Some couples fight about which way to put the utensils in the dishwasher, others over their children’s hemlines and/or tuition, and then there are those who know exactly which buttons to push, like this pair of grooms, all of whose fights undoubtedly end the same cruel way. Can’t you just see the “descendant of William Bradford, a governor of Plymouth Colony in Massachusetts” wickedly reminding the “descendant of Samuel Magruder, a member of the Colonial-era House of Burgesses in Maryland” that only one of their antecedents has a Wikipedia page?
But at least those two are partners. The cattiest wedding-related competition (that takes place in my head) always comes when a couple whose announcement includes a remarkable detail that in any other situation would be a major distinguishing feature ends up having to share that feature with someone else.
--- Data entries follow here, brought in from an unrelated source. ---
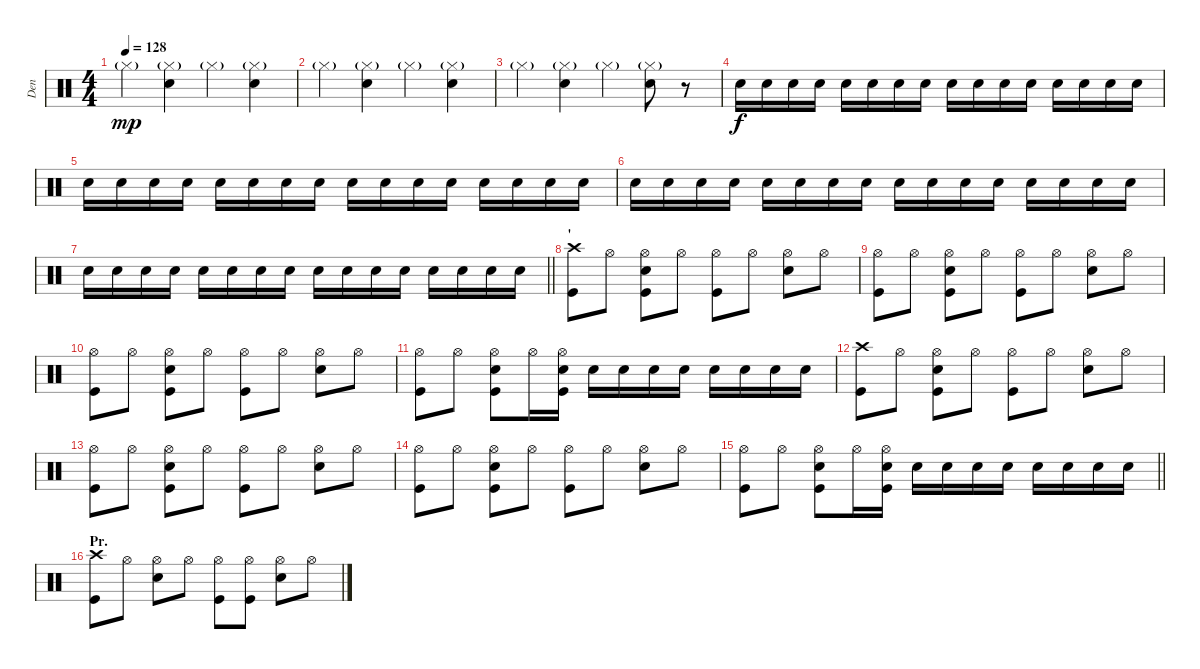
\track ("Den" "Den") {instrument percussion}
\staff
\articulation defaults
\ts (4 4)
\tempo 128
\clef neutral
\ks c "Hi-Hat (closed)"{g}.4{dy mp}
("Hi-Hat (closed)"{g} "Snare (hit) 2").4 "Hi-Hat (closed)"{g}.4 ("Hi-Hat (closed)"{g} "Snare (hit) 2").4 |
"Hi-Hat (closed)"{g}.4 ("Hi-Hat (closed)"{g} "Snare (hit) 2").4 "Hi-Hat (closed)"{g}.4 ("Hi-Hat (closed)"{g} "Snare (hit) 2").4 |
"Hi-Hat (closed)"{g}.4 ("Hi-Hat (closed)"{g} "Snare (hit) 2").4 "Hi-Hat (closed)"{g}.4 ("Hi-Hat (closed)"{g} "Snare (hit) 2").8 r.8{volume 7} |
"Snare (hit) 2".16{dy f volume 13} "Snare (hit) 2".16 "Snare (hit) 2".16 "Snare (hit) 2".16 "Snare (hit) 2".16 "Snare (hit) 2".16 "Snare (hit) 2".16 "Snare (hit) 2".16 "Snare (hit) 2".16 "Snare (hit) 2".16 "Snare (hit) 2".16 "Snare (hit) 2".16 "Snare (hit) 2".16 "Snare (hit) 2".16 "Snare (hit) 2".16 "Snare (hit) 2".16 |
"Snare (hit) 2".16 "Snare (hit) 2".16 "Snare (hit) 2".16 "Snare (hit) 2".16 "Snare (hit) 2".16 "Snare (hit) 2".16 "Snare (hit) 2".16 "Snare (hit) 2".16 "Snare (hit) 2".16 "Snare (hit) 2".16 "Snare (hit) 2".16 "Snare (hit) 2".16 "Snare (hit) 2".16 "Snare (hit) 2".16 "Snare (hit) 2".16 "Snare (hit) 2".16 |
"Snare (hit) 2".16 "Snare (hit) 2".16 "Snare (hit) 2".16 "Snare (hit) 2".16 "Snare (hit) 2".16 "Snare (hit) 2".16 "Snare (hit) 2".16 "Snare (hit) 2".16 "Snare (hit) 2".16 "Snare (hit) 2".16 "Snare (hit) 2".16 "Snare (hit) 2".16 "Snare (hit) 2".16 "Snare (hit) 2".16 "Snare (hit) 2".16 "Snare (hit) 2".16 |
\barLineRight lightlight "Snare (hit) 2".16 "Snare (hit) 2".16 "Snare (hit) 2".16 "Snare (hit) 2".16 "Snare (hit) 2".16 "Snare (hit) 2".16 "Snare (hit) 2".16 "Snare (hit) 2".16 "Snare (hit) 2".16 "Snare (hit) 2".16 "Snare (hit) 2".16 "Snare (hit) 2".16 "Snare (hit) 2".16 "Snare (hit) 2".16 "Snare (hit) 2".16 "Snare (hit) 2".16
|
\section ("" "'")
("Crash high (hit)" "Kick (hit)").8 "Hi-Hat (open)".8 ("Hi-Hat (open)" "Snare (hit) 2" "Kick (hit)").8 "Hi-Hat (open)".8 ("Hi-Hat (open)" "Kick (hit)").8 "Hi-Hat (open)".8 ("Hi-Hat (open)" "Snare (hit) 2").8 "Hi-Hat (open)".8 |
("Hi-Hat (open)" "Kick (hit)").8 "Hi-Hat (open)".8 ("Hi-Hat (open)" "Snare (hit) 2" "Kick (hit)").8 "Hi-Hat (open)".8 ("Hi-Hat (open)" "Kick (hit)").8 "Hi-Hat (open)".8 ("Hi-Hat (open)" "Snare (hit) 2").8 "Hi-Hat (open)".8 |
("Hi-Hat (open)" "Kick (hit)").8 "Hi-Hat (open)".8 ("Hi-Hat (open)" "Snare (hit) 2" "Kick (hit)").8 "Hi-Hat (open)".8 ("Hi-Hat (open)" "Kick (hit)").8 "Hi-Hat (open)".8 ("Hi-Hat (open)" "Snare (hit) 2").8 "Hi-Hat (open)".8 |
("Hi-Hat (open)" "Kick (hit)").8 "Hi-Hat (open)".8 ("Hi-Hat (open)" "Snare (hit) 2" "Kick (hit)").8 "Hi-Hat (open)".16 ("Snare (hit) 2" "Kick (hit)" "Hi-Hat (open)").16 "Snare (hit) 2".16 "Snare (hit) 2".16 "Snare (hit) 2".16 "Snare (hit) 2".16 "Snare (hit) 2".16 "Snare (hit) 2".16 "Snare (hit) 2".16 "Snare (hit) 2".16 |
("Crash high (hit)" "Kick (hit)").8 "Hi-Hat (open)".8 ("Hi-Hat (open)" "Snare (hit) 2" "Kick (hit)").8 "Hi-Hat (open)".8 ("Hi-Hat (open)" "Kick (hit)").8 "Hi-Hat (open)".8 ("Hi-Hat (open)" "Snare (hit) 2").8 "Hi-Hat (open)".8 |
("Hi-Hat (open)" "Kick (hit)").8 "Hi-Hat (open)".8 ("Hi-Hat (open)" "Snare (hit) 2" "Kick (hit)").8 "Hi-Hat (open)".8 ("Hi-Hat (open)" "Kick (hit)").8 "Hi-Hat (open)".8 ("Hi-Hat (open)" "Snare (hit) 2").8 "Hi-Hat (open)".8 |
("Hi-Hat (open)" "Kick (hit)").8 "Hi-Hat (open)".8 ("Hi-Hat (open)" "Snare (hit) 2" "Kick (hit)").8 "Hi-Hat (open)".8 ("Hi-Hat (open)" "Kick (hit)").8 "Hi-Hat (open)".8 ("Hi-Hat (open)" "Snare (hit) 2").8 "Hi-Hat (open)".8 |
\barLineRight lightlight
("Hi-Hat (open)" "Kick (hit)").8 "Hi-Hat (open)".8 ("Hi-Hat (open)" "Snare (hit) 2" "Kick (hit)").8 "Hi-Hat (open)".16 ("Snare (hit) 2" "Kick (hit)" "Hi-Hat (open)").16 "Snare (hit) 2".16 "Snare (hit) 2".16 "Snare (hit) 2".16 "Snare (hit) 2".16 "Snare (hit) 2".16 "Snare (hit) 2".16 "Snare (hit) 2".16 "Snare (hit) 2".16 |
\section ("" "Pr.")
("Crash high (hit)" "Kick (hit)").8 "Hi-Hat (open)".8 ("Hi-Hat (open)" "Snare (hit) 2").8 "Hi-Hat (open)".8 ("Hi-Hat (open)" "Kick (hit)").8 ("Hi-Hat (open)" "Kick (hit)").8 ("Hi-Hat (open)" "Snare (hit) 2").8 "Hi-Hat (open)".8

It happens from time to time: You get a Carnegie great-great-great-granddaughter’s wedding taking place the same weekend as a Vanderbilt’s (robber baron one-upmanship is the worst, though also historically accurate), or two fathers-of-brides who are chiefs of neurology at competing Boston-area hospitals, or two grooms who have played dead dudes on Law & Order, etc. Whenever it does, I like to imagine the bride reacting like a child who finds out that there’s another kid at school bringing cupcakes and getting to wear a paper crown for his birthday. But it’s MY grandmother who has part ownership of a Major League Baseball team. MINE!
Anyway, in this case, it’s ambassadors. One bride’s father is “an ambassador [and] the state chief of protocol to President Goodluck Jonathan of Nigeria.” Not bad, not bad, except that this bride’s parents “are both retired ambassadors, the bride’s father having been India’s ambassador to Italy until last year and her mother having been until 2010 the ambassador to Slovakia.” You hear that? BOTH. So many ceremonial curtsies and delicious state dinners and tinted limousine windows and menacingly firm handshakes tied up in that BOTH.
But the game doesn’t end there. In this case, the first couple owns the crucial tiebreaker. “The bride’s maternal grandfather, Wole Soyinka, the Nigerian playwright and poet, received the 1986 Nobel Prize in Literature.” Ah, the trump Nobel Prize, a brilliant move indeed. And all the rest of us, as usual, are forced to fold.